▶ _Exercise brief_:
Exact copies of the lines from the one with "Answer briefly. Yes." through the last line of the entries, and no pictures, make up the answer.

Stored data

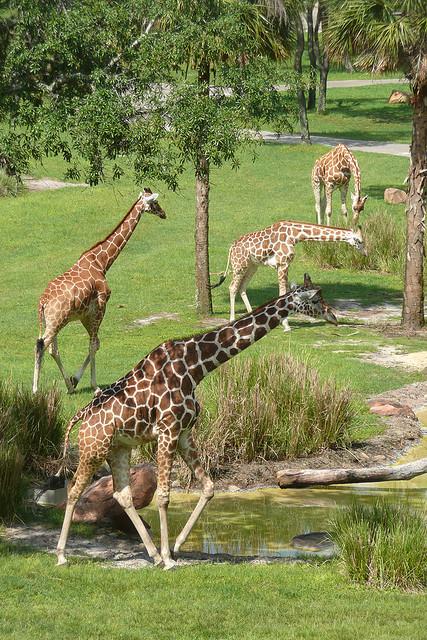Are the animals free?
Answer briefly. No. Would Liam Neeson be in danger from these creatures?
Quick response, please. No. How many giraffes can you see?
Concise answer only. 4. How many animal is in this picture?
Short answer required. 4. Are these adult giraffes?
Answer briefly. Yes. 
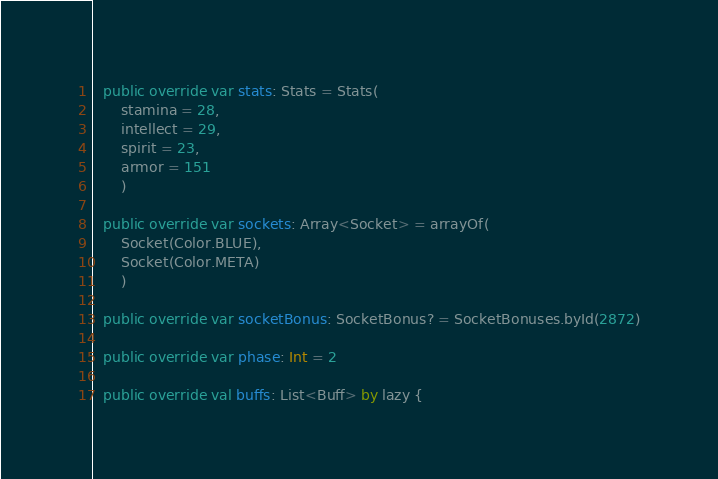<code> <loc_0><loc_0><loc_500><loc_500><_Kotlin_>
  public override var stats: Stats = Stats(
      stamina = 28,
      intellect = 29,
      spirit = 23,
      armor = 151
      )

  public override var sockets: Array<Socket> = arrayOf(
      Socket(Color.BLUE),
      Socket(Color.META)
      )

  public override var socketBonus: SocketBonus? = SocketBonuses.byId(2872)

  public override var phase: Int = 2

  public override val buffs: List<Buff> by lazy {</code>

▶ _Task solution_:
Answer briefly. Yes. 
<code> <loc_0><loc_0><loc_500><loc_500><_Kotlin_>
  public override var stats: Stats = Stats(
      stamina = 28,
      intellect = 29,
      spirit = 23,
      armor = 151
      )

  public override var sockets: Array<Socket> = arrayOf(
      Socket(Color.BLUE),
      Socket(Color.META)
      )

  public override var socketBonus: SocketBonus? = SocketBonuses.byId(2872)

  public override var phase: Int = 2

  public override val buffs: List<Buff> by lazy {</code>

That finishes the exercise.